Curator's Take
AI Commentary
This article marks the first experimental proof that a superconducting microwave resonator—exactly the kind used for qubit readout—can be driven wirelessly at millikelvin temperatures, showing that wireless coupling can preserve the resonator’s intrinsic response. By directly benchmarking wired versus wireless operation in the same dilution refrigerator, the work uncovers stray‑radiation pathways that must be engineered out, providing a practical roadmap for integrating antennas and packaging with cryogenic quantum chips. If these parasitics are mitigated, wireless interconnects could dramatically cut wiring density and thermal load, accelerating the move toward scalable superconducting processors.
— Mark Eatherly
Summary
Scalable quantum computing is limited by the dense network of electrical interconnects linking cryogenic quantum processors to room-temperature control electronics. To overcome this bottleneck, considerable effort has focused on cryogenic CMOS electronics and microwave-to-optical transduction, aiming to reduce wiring complexity and thermal loading. Wireless interconnects have recently emerged as a promising complementary approach, yet their compatibility with superconducting quantum hardware remains largely unexplored.

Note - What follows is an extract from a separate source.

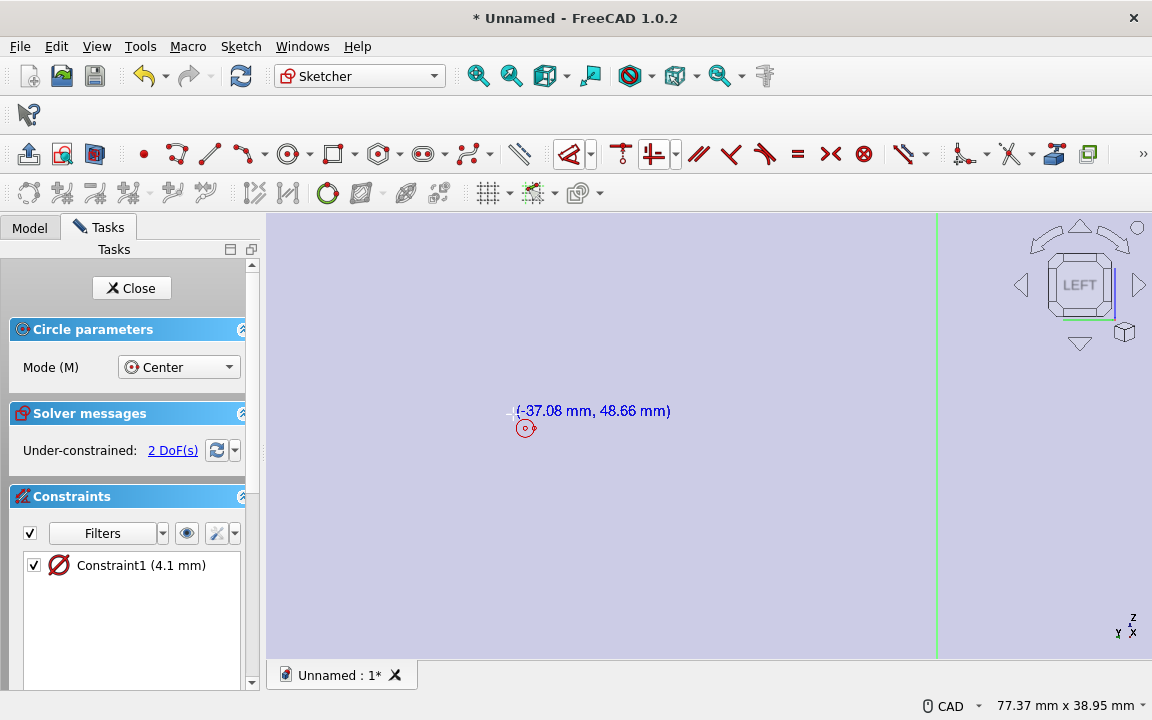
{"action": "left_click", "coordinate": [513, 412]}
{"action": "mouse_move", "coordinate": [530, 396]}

Here, we demonstrate the wireless excitation of a superconducting microwave resonator of the type routinely employed for qubit readout, operating at millikelvin temperatures inside a dilution refrigerator. By directly comparing wired and wireless operation within the same cryogenic environment, we show that wireless coupling preserves the intrinsic resonator response while revealing parasitic electromagnetic pathways arising from stray radiation within the cryostat enclosure. These results establish a framework for the co-design of wireless interconnects, cryogenic packaging and superconducting quantum hardware.